Federation Training has been thrown a $2.5 million emergency lifeline by the new Labor government to fund critical student support, which has been “sorely” lacking at the troubled institution.
Announcing the rescue payment to a cohort of trades students at the Yallourn campus on Thursday, Member for Eastern Victoria Region Harriet Shing said the money would fund a student support team aimed at keeping at-risk students engaged in training and help curb dropout rates.
“TAFE’s suffered more than $70 million in losses last year alone – and there are TAFE campuses across Victoria in financial strife,” Ms Shing said.
“The Labor Government is rebuilding our TAFE system and rescuing campuses like Yallourn, so young people across Gippsland can get the skills they need for the jobs they want.”
Fed Training – formed last year through the merger of GippsTAFE and AdvanceTAFE – has continued under a cloud of uncertainty through ongoing organisational and course restructures, forced largely by widespread funding cuts by the former Coalition government.
The fresh lifeline comes as part of a fast-tracked $20 million instalment from Labor’s new $320 million TAFE Rescue Fund.
Ms Shing said with a 25 per cent non-completion rate it was important Gippsland got its fair share of the fund.
Fed Training chief executive Wendy Wood said the organisation had been unable to give students proper career advice for the last four years.
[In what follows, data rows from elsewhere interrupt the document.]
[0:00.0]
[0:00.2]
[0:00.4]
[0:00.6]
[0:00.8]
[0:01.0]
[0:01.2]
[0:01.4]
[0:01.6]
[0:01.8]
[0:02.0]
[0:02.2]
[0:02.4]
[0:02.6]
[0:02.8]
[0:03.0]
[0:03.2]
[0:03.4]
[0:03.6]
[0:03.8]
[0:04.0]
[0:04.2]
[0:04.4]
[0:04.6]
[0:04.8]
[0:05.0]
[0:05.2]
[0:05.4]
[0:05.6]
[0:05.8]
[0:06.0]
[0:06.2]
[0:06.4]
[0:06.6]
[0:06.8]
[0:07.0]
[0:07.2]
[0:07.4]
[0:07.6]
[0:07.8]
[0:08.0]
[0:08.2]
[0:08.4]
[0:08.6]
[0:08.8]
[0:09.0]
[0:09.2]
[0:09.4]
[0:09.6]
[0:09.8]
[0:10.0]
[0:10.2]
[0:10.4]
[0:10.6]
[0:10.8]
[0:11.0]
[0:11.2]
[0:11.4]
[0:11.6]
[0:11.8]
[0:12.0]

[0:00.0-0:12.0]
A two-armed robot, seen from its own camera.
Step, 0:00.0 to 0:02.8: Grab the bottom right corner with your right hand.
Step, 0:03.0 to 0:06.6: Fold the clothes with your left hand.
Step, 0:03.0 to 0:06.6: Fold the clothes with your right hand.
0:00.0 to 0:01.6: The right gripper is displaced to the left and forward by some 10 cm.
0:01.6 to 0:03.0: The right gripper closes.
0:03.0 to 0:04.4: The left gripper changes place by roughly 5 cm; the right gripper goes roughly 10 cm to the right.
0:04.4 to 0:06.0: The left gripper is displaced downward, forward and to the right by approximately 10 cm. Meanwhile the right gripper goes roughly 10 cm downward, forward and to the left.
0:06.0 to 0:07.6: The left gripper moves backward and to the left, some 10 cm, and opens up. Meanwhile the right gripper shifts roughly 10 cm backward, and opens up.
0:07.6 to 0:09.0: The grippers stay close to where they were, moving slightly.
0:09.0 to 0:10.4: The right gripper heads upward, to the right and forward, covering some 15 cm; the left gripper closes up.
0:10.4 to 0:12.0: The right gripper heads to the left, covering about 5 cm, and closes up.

“This week one teacher had 120 calls in backlog from students who didn’t know whether they were in the right course,” Ms Wood said.
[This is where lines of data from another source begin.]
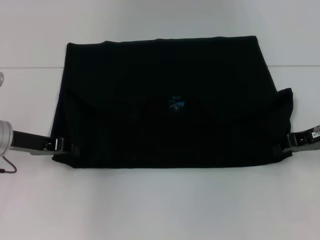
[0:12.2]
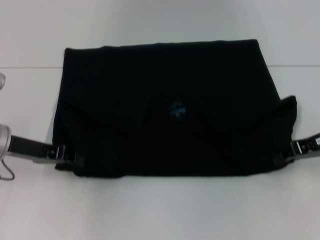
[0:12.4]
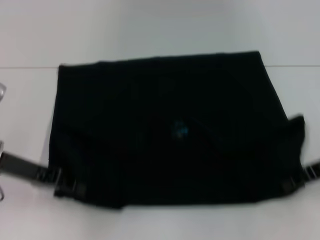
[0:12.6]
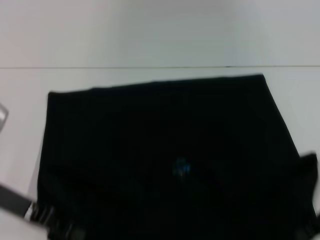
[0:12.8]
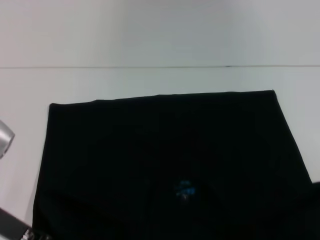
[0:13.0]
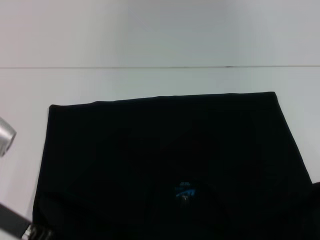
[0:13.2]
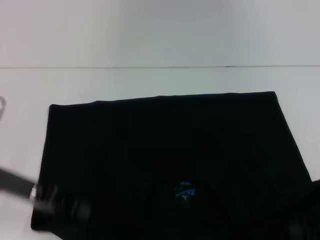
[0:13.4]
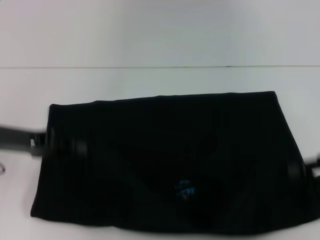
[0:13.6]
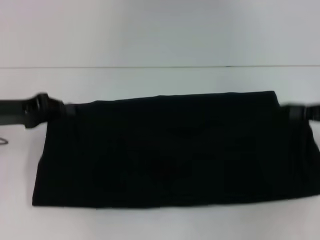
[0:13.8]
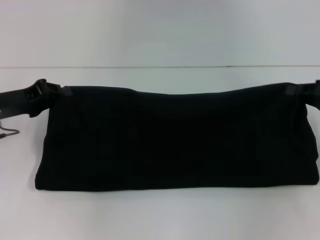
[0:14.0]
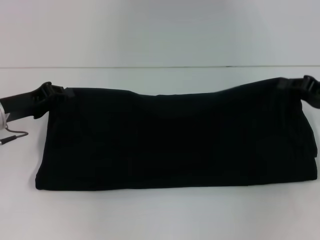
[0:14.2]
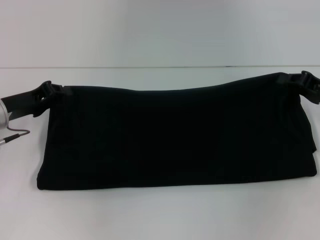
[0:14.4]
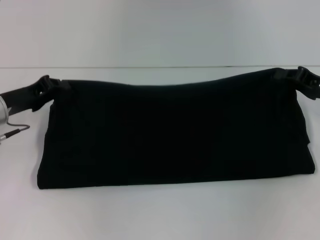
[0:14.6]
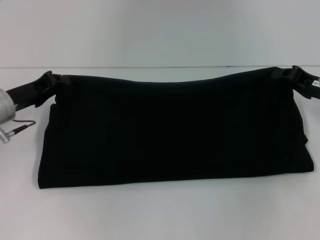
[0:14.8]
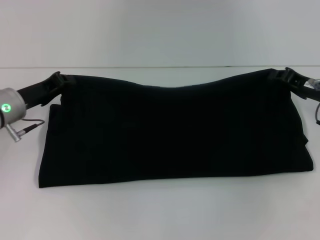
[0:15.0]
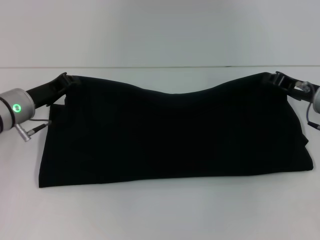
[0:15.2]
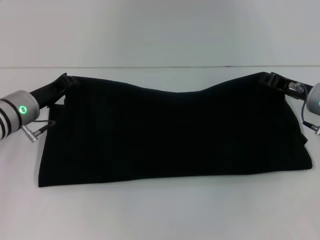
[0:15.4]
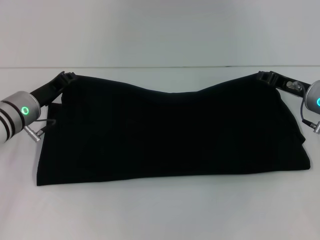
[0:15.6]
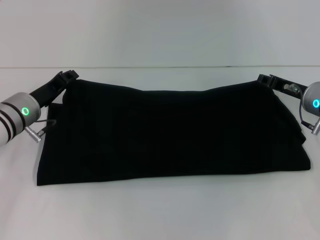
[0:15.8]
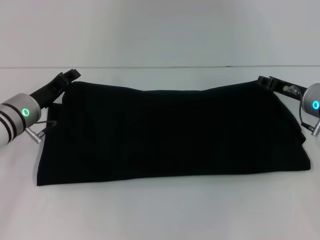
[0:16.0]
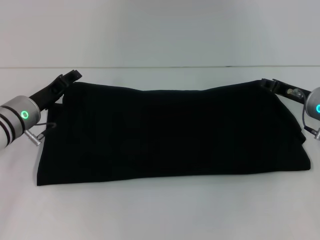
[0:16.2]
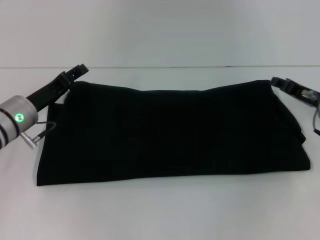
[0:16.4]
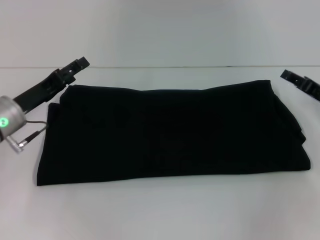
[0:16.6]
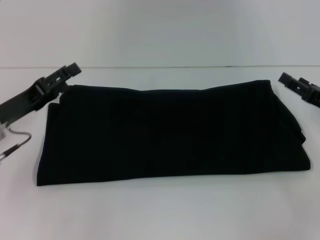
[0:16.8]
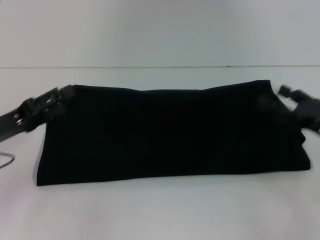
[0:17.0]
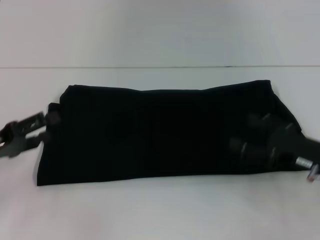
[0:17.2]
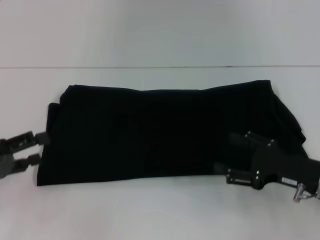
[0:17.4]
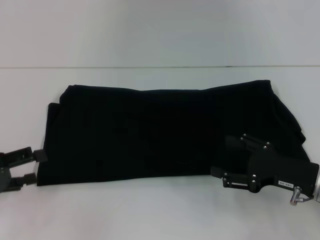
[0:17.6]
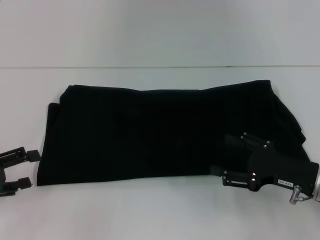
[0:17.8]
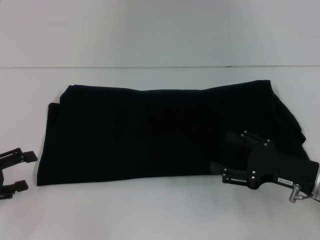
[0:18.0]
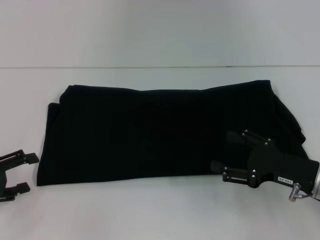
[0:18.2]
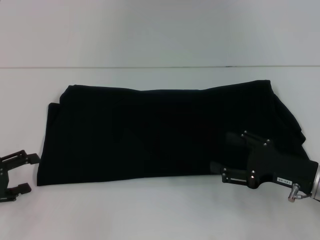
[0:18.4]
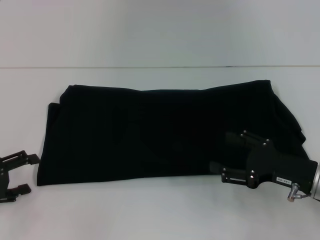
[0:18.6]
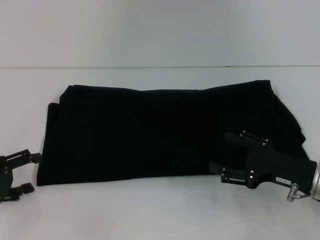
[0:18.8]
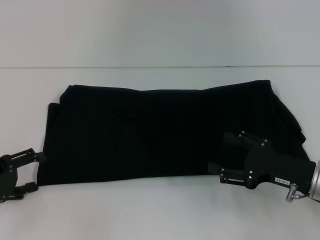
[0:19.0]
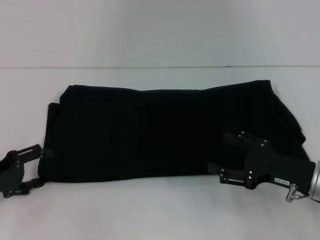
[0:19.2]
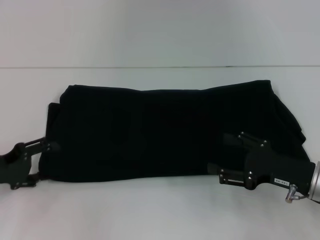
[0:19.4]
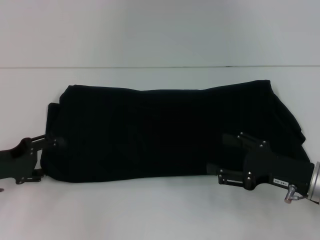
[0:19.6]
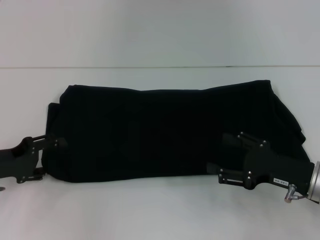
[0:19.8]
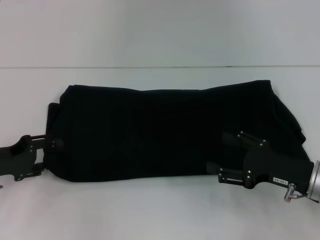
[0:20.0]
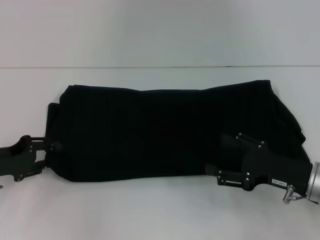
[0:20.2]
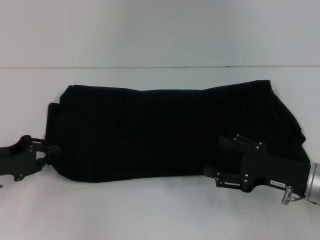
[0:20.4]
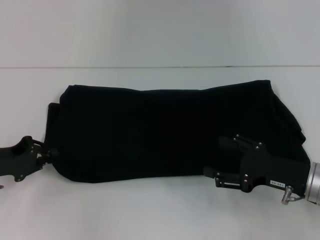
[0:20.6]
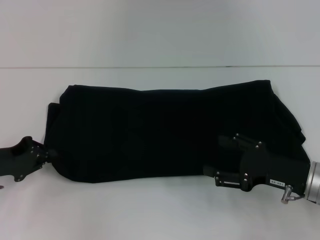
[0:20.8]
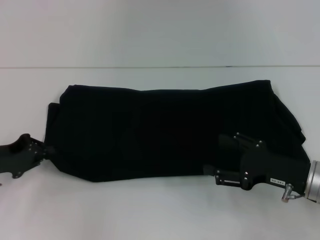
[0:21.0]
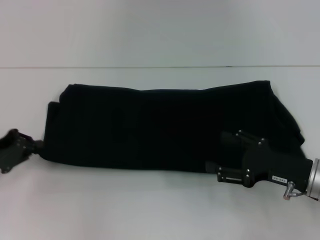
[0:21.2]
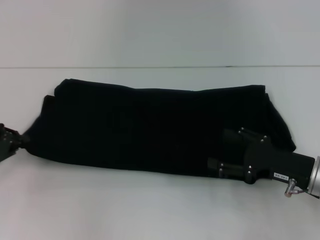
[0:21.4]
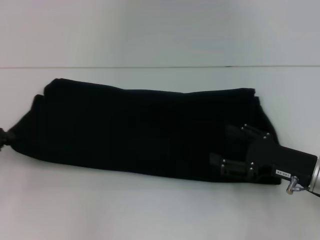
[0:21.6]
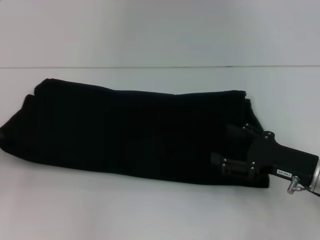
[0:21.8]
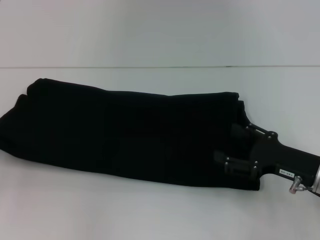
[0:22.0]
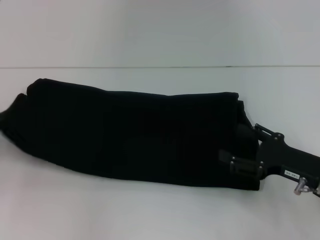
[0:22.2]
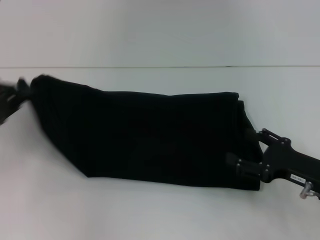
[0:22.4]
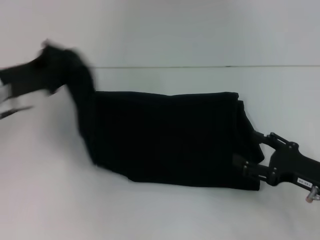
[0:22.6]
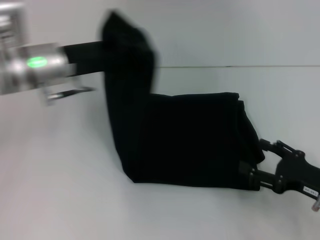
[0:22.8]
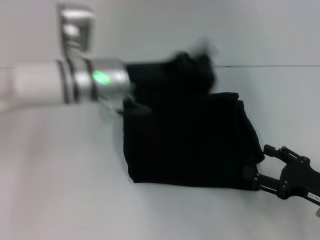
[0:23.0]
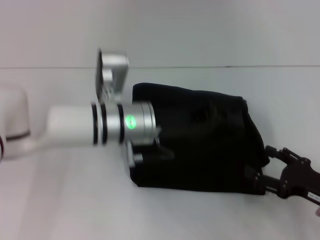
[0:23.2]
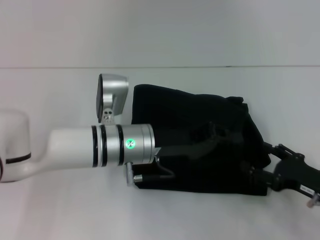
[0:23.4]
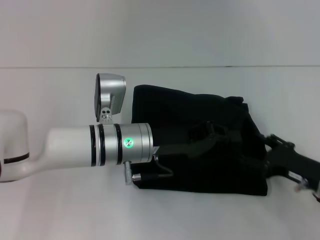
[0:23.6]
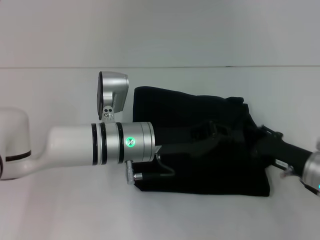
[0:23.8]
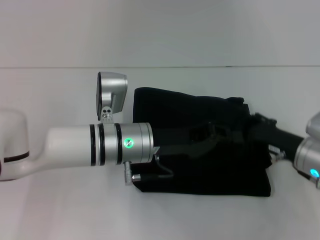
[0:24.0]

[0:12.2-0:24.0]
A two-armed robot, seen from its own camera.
Step, 0:13.0 to 0:16.4: Fold the clothes with your right hand.
0:12.2 to 0:13.6: The right gripper moves backward, approximately 5 cm. Meanwhile the left gripper moves roughly 10 cm backward and comes back.
0:13.6 to 0:15.2: The right gripper moves forward, to the left and downward, some 10 cm, while the left gripper moves forward and downward, about 10 cm.
0:15.2 to 0:16.6: The left gripper opens its fingers; the right gripper ends up roughly 5 cm from where it was, and opens its fingers.
0:16.6 to 0:18.2: The two grippers go approximately 15 cm backward and to the left. The right gripper opens its fingers.
0:18.2 to 0:19.6: The left gripper ends up roughly 5 cm from where it was.
0:19.6 to 0:21.0: The left gripper closes up.
0:21.0 to 0:22.6: The left gripper shifts some 10 cm upward, forward and to the right.
0:22.6 to 0:24.0: The right gripper goes some 5 cm forward. Meanwhile the left gripper shifts about 20 cm to the right.

“This causes enormous stress for students and is a large factor in drop outs.”
She said the rescue package could save up to 20 further positions across the institution by redeploying excess teachers across the organisation into new roles created through the new ‘support team’, and allow the institution to actually pay teachers’ salaries “instead of downsizing further”.
The student support team’s core role will help teaching staff monitor and identify students lacking basic foundation skills which in past years would “often fly under the radar”.
Having faced an 18 per cent drop in apprentice numbers, Ms Wood said the organisation was “anxiously awaiting” final enrolment figures, which would become clear in March, adding she believed the institution had finally stemmed the enrolment decline experienced over the last three years.
However Ms Wood said the organisation still had “some tough decisions ahead”.
“We won’t be letting them off the hook yet,” Ms Woods said, flagging intentions to secure more government ‘rescue funding’ to upgrade ageing ‘hands on’ trades equipment across Fed Training’s Gippsland campuses.